EXERCISE: Copy word for word, please, the lines of the entries below running from the one containing "Provide a short and direct response. No." to the one containing "Offer a very short reply. Rubber.", both ends included.
*** EXERCISE INPUTS Section Begins ***
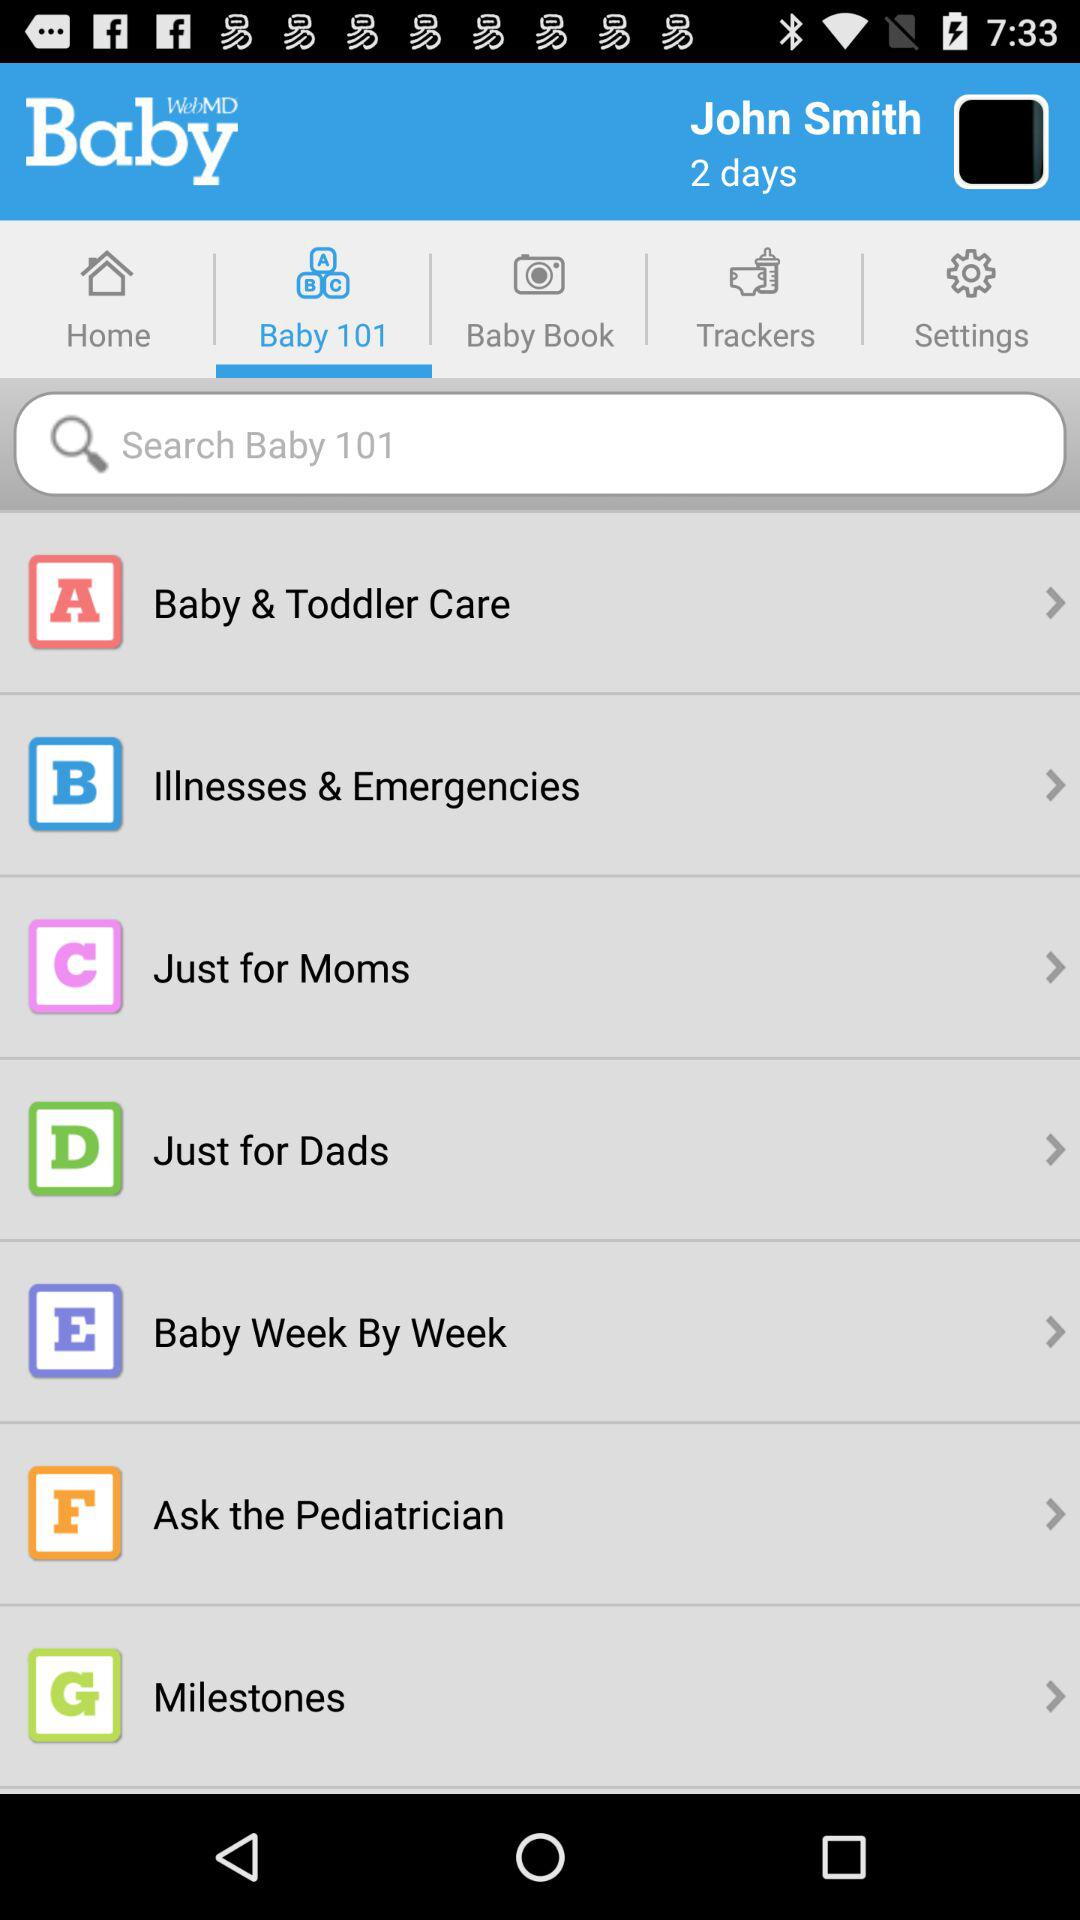What is the given time period? The given time period is "2 days". 
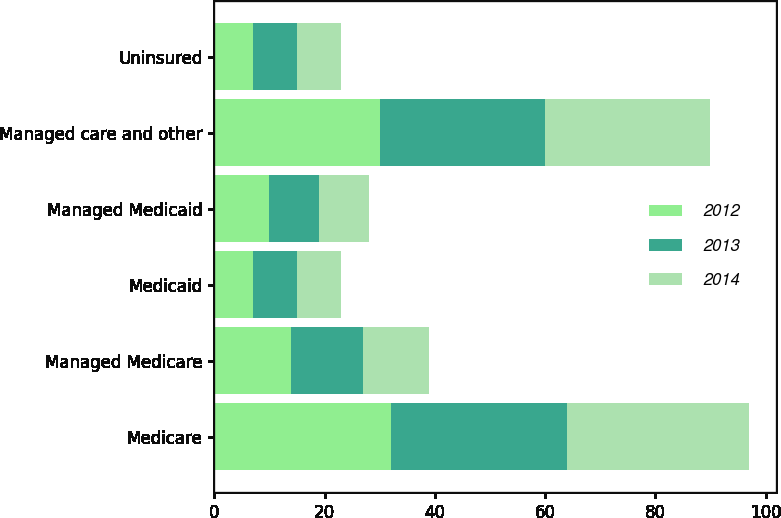Convert chart. <chart><loc_0><loc_0><loc_500><loc_500><stacked_bar_chart><ecel><fcel>Medicare<fcel>Managed Medicare<fcel>Medicaid<fcel>Managed Medicaid<fcel>Managed care and other<fcel>Uninsured<nl><fcel>2012<fcel>32<fcel>14<fcel>7<fcel>10<fcel>30<fcel>7<nl><fcel>2013<fcel>32<fcel>13<fcel>8<fcel>9<fcel>30<fcel>8<nl><fcel>2014<fcel>33<fcel>12<fcel>8<fcel>9<fcel>30<fcel>8<nl></chart> 
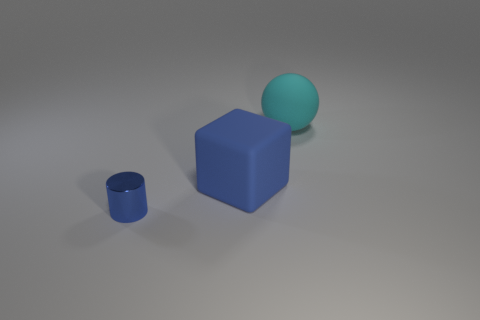There is a large block that is the same color as the tiny cylinder; what is its material?
Make the answer very short. Rubber. There is a blue thing that is behind the cylinder that is in front of the blue object right of the small blue thing; what size is it?
Ensure brevity in your answer.  Large. Is the number of big matte objects that are to the left of the small blue object greater than the number of small shiny cylinders to the right of the matte cube?
Offer a very short reply. No. What number of large matte things are behind the blue object behind the small thing?
Provide a short and direct response. 1. Is there another small metal cylinder that has the same color as the cylinder?
Provide a short and direct response. No. Is the size of the blue metal object the same as the rubber sphere?
Offer a terse response. No. Does the big rubber ball have the same color as the big block?
Ensure brevity in your answer.  No. The large object behind the blue thing behind the tiny metal cylinder is made of what material?
Offer a very short reply. Rubber. There is a blue object that is right of the blue metallic cylinder; is its size the same as the cylinder?
Ensure brevity in your answer.  No. What number of metallic things are either small purple cylinders or big blue objects?
Offer a terse response. 0. 
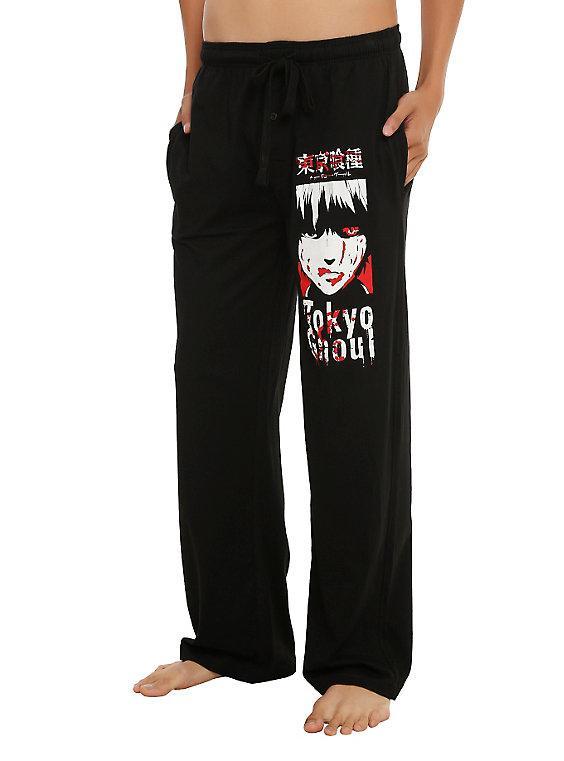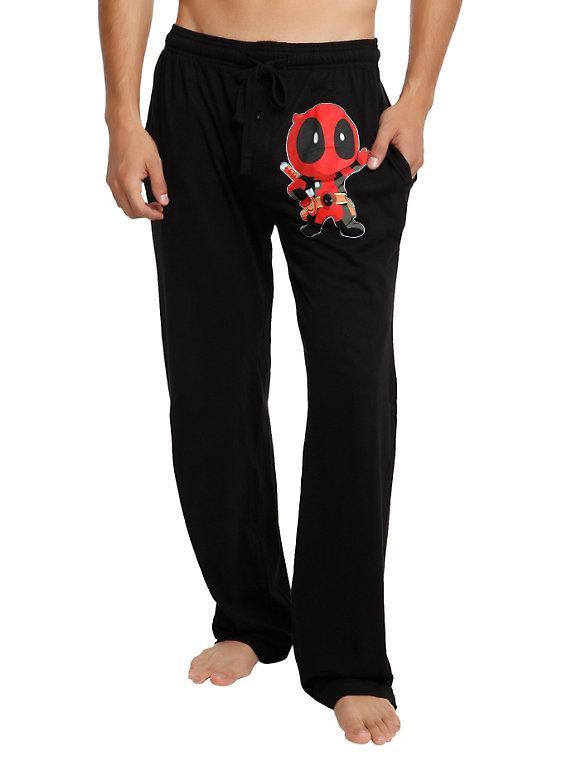The first image is the image on the left, the second image is the image on the right. Analyze the images presented: Is the assertion "The pants do not have a repeating pattern on them." valid? Answer yes or no. Yes. 
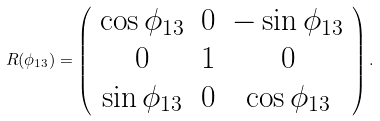Convert formula to latex. <formula><loc_0><loc_0><loc_500><loc_500>R ( \phi _ { 1 3 } ) = \left ( \begin{array} { c c c } \cos \phi _ { 1 3 } & 0 & - \sin \phi _ { 1 3 } \\ 0 & 1 & 0 \\ \sin \phi _ { 1 3 } & 0 & \cos \phi _ { 1 3 } \\ \end{array} \right ) .</formula> 
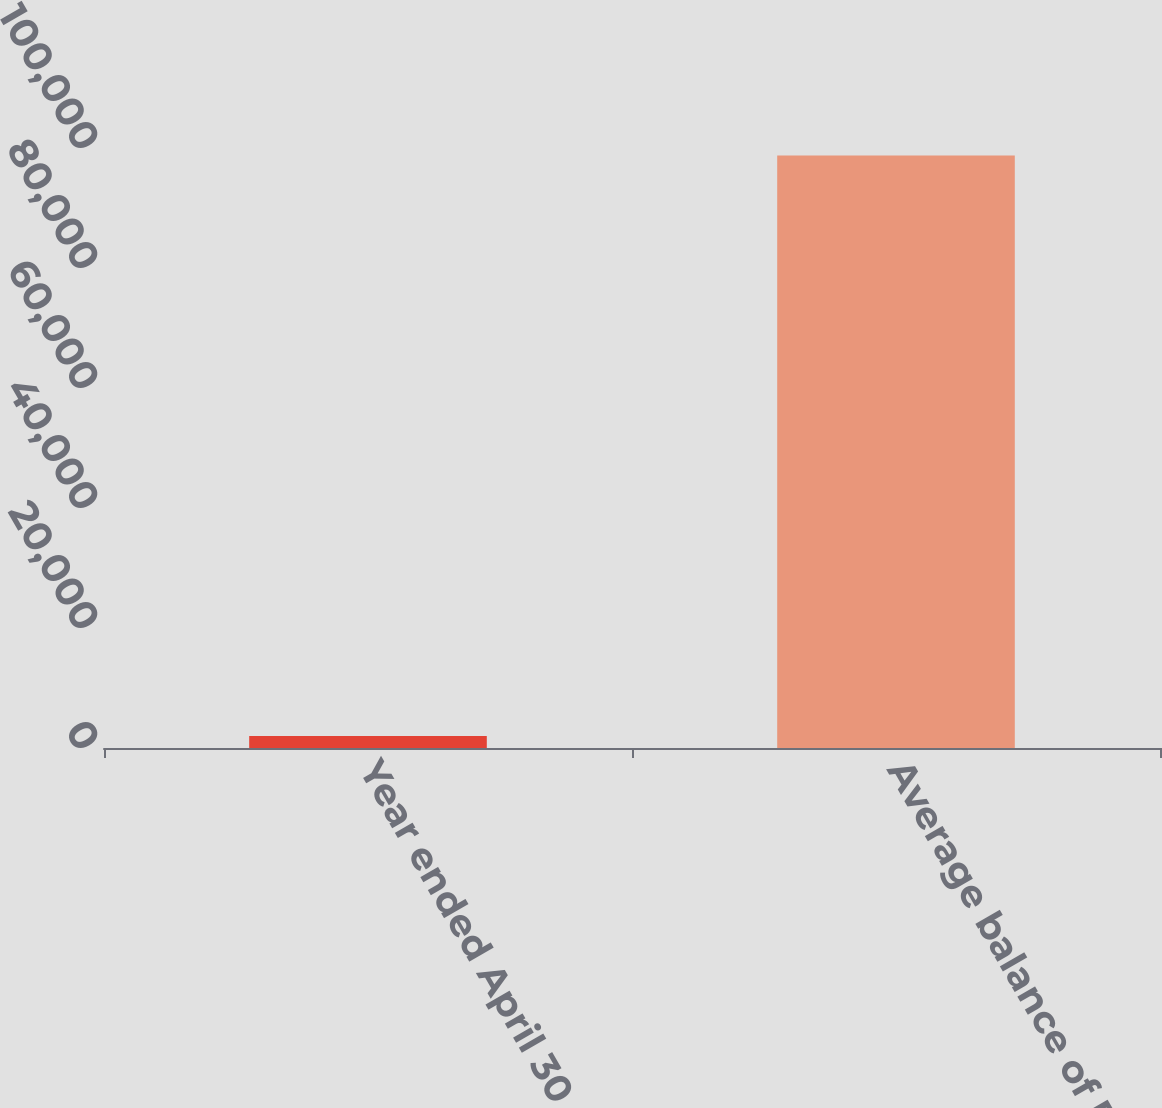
*** EXERCISE INPUTS Section Ends ***
EXERCISE OUTPUT:
Provide a short and direct response. No. Is the size of the blue metal object the same as the rubber sphere?
Offer a terse response. No. Does the big rubber ball have the same color as the big block?
Ensure brevity in your answer.  No. The large object behind the blue thing behind the tiny metal cylinder is made of what material?
Offer a very short reply. Rubber. There is a blue object that is right of the blue metallic cylinder; is its size the same as the cylinder?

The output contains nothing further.